EXERCISE OBJECTIVE: Although the data below holds other lines too, output only those from the line with "table_cell [621, 460, 1181, 504]" up to and including the line with "text День снаружи", exactly as they appear.

Data extracted from a collection:
-- -- --
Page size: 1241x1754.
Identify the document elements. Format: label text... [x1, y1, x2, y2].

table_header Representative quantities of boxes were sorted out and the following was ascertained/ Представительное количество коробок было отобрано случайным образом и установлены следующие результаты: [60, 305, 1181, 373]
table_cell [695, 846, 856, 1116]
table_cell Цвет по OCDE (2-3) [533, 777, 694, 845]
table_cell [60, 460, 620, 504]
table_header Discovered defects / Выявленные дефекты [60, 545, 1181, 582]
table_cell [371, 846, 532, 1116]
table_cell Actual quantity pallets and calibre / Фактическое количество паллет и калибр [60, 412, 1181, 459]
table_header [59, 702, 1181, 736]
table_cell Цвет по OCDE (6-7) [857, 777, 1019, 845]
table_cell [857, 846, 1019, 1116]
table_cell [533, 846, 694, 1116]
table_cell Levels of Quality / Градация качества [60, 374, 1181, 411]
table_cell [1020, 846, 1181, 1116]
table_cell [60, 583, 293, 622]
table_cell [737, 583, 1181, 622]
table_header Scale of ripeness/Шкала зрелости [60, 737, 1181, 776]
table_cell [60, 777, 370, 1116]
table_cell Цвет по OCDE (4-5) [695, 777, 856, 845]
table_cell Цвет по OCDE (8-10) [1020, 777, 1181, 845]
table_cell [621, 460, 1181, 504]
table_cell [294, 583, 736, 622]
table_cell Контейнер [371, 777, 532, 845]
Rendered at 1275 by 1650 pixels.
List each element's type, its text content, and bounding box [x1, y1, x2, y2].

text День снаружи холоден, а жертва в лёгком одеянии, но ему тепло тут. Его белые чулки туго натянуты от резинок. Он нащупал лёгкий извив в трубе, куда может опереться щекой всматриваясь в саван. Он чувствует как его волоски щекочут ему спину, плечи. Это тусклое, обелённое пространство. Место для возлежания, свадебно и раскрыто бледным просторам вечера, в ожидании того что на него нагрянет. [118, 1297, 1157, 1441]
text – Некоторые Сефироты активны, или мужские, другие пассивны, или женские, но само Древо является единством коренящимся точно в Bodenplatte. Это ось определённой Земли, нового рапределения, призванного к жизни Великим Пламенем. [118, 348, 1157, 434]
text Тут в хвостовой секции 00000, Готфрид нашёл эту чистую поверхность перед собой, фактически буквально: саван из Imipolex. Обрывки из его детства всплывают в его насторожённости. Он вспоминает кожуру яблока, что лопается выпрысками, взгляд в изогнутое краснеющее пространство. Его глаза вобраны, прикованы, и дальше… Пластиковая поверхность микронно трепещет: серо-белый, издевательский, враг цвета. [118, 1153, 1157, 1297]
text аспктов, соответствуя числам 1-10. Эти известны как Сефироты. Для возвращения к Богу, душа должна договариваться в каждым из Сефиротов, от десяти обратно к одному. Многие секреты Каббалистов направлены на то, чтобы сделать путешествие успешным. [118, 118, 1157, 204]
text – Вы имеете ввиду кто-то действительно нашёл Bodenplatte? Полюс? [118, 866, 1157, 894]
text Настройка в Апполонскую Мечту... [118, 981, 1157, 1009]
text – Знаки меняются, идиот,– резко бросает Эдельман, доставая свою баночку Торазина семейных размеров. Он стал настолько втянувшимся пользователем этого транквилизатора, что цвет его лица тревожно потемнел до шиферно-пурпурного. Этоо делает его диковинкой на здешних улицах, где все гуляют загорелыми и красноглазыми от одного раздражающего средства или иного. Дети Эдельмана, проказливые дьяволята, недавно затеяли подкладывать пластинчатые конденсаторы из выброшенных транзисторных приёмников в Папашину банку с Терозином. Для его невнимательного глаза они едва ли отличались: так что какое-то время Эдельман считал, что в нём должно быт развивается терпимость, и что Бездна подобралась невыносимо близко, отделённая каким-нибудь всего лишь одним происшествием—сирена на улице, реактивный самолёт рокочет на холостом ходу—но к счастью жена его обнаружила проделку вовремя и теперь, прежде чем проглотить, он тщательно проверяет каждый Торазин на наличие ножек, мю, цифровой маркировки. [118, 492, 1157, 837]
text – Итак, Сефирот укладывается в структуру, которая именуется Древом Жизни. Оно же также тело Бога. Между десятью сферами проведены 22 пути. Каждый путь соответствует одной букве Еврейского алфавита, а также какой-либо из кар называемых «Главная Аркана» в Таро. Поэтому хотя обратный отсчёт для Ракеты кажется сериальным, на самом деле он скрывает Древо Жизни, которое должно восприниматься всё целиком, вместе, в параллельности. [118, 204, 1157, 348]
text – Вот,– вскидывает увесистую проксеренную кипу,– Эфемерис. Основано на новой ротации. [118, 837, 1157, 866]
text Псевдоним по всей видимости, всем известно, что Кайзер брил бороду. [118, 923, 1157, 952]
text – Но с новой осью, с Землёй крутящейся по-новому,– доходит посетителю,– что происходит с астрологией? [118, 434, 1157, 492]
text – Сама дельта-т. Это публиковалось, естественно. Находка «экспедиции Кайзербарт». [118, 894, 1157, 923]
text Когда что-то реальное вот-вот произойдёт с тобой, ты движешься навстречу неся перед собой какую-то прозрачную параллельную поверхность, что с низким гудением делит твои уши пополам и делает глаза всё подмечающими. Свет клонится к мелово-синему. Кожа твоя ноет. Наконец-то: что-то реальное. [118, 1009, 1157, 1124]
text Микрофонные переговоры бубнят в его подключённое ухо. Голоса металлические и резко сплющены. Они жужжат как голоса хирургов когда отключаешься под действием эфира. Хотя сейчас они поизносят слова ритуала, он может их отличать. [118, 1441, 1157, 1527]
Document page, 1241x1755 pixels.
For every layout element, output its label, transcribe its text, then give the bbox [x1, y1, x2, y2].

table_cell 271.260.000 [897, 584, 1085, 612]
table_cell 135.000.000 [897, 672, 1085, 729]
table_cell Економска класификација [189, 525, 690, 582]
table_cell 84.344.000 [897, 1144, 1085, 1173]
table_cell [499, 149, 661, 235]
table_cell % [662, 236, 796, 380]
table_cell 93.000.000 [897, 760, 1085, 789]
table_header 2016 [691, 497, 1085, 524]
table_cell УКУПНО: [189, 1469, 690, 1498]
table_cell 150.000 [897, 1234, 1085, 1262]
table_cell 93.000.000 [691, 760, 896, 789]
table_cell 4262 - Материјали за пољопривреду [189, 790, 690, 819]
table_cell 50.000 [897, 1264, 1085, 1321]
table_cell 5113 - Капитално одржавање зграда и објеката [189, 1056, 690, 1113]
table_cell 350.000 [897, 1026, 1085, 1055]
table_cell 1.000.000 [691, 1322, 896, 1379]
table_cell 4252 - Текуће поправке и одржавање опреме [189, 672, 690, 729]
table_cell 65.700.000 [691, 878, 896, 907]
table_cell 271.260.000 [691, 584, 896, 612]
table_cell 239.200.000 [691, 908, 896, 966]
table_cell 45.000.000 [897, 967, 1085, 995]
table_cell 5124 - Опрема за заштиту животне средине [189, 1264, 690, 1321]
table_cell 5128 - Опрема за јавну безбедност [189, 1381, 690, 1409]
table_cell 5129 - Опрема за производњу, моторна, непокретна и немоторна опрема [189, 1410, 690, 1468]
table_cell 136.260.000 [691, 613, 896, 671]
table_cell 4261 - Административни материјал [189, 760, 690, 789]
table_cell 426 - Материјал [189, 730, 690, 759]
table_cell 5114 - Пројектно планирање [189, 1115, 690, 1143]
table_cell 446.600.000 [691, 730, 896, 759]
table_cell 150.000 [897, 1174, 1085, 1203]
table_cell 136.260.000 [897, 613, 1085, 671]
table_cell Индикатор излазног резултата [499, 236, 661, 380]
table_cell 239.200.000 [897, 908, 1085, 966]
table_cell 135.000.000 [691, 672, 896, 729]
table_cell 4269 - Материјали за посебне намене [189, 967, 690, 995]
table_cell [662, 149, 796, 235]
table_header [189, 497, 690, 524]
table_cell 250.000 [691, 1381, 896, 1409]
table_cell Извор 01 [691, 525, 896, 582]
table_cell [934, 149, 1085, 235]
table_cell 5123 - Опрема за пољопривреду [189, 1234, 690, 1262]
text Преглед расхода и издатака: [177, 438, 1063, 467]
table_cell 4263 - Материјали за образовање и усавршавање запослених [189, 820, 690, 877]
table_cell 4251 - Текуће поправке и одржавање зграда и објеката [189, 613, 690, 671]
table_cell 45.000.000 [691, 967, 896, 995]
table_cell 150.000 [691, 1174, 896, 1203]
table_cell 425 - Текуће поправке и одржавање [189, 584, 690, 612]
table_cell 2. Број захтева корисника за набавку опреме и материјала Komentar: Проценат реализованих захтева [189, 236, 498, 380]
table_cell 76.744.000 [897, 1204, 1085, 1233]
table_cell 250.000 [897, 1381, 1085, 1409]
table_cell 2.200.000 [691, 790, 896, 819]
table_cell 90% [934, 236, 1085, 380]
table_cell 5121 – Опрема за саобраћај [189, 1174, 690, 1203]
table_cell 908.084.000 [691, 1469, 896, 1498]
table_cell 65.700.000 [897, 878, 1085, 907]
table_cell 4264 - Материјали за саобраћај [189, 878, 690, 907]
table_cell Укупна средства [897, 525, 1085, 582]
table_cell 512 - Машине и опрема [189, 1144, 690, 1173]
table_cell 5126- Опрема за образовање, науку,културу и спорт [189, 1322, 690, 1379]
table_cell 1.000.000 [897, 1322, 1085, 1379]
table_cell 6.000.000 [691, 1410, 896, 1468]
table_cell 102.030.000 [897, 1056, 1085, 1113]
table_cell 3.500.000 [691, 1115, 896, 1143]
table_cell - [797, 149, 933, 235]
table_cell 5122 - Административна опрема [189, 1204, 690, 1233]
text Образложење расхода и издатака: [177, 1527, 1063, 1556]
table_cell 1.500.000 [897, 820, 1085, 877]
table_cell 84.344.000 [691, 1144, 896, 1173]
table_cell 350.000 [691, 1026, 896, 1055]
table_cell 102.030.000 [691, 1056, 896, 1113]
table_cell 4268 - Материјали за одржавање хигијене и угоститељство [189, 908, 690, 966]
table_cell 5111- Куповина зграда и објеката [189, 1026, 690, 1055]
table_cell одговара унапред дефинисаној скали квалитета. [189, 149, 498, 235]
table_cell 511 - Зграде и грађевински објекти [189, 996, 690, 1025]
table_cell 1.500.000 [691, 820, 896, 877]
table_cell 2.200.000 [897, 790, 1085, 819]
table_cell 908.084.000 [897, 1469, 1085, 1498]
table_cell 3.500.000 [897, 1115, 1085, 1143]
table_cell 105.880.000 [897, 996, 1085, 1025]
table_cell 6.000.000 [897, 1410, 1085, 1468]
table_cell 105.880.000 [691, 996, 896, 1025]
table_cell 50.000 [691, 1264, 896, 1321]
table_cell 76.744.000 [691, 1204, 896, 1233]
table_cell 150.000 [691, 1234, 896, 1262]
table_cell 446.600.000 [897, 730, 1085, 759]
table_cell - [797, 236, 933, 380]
-- -- --
EXPECTED OUTPUT:
table_cell [621, 460, 1181, 504]
table_cell [294, 583, 736, 622]
table_cell Контейнер [371, 777, 532, 845]
Rendered at 1275 by 1650 pixels.
List each element's type, its text content, and bounding box [x1, y1, x2, y2].

text День снаружи холоден, а жертва в лёгком одеянии, но ему тепло тут. Его белые чулки туго натянуты от резинок. Он нащупал лёгкий извив в трубе, куда может опереться щекой всматриваясь в саван. Он чувствует как его волоски щекочут ему спину, плечи. Это тусклое, обелённое пространство. Место для возлежания, свадебно и раскрыто бледным просторам вечера, в ожидании того что на него нагрянет. [118, 1297, 1157, 1441]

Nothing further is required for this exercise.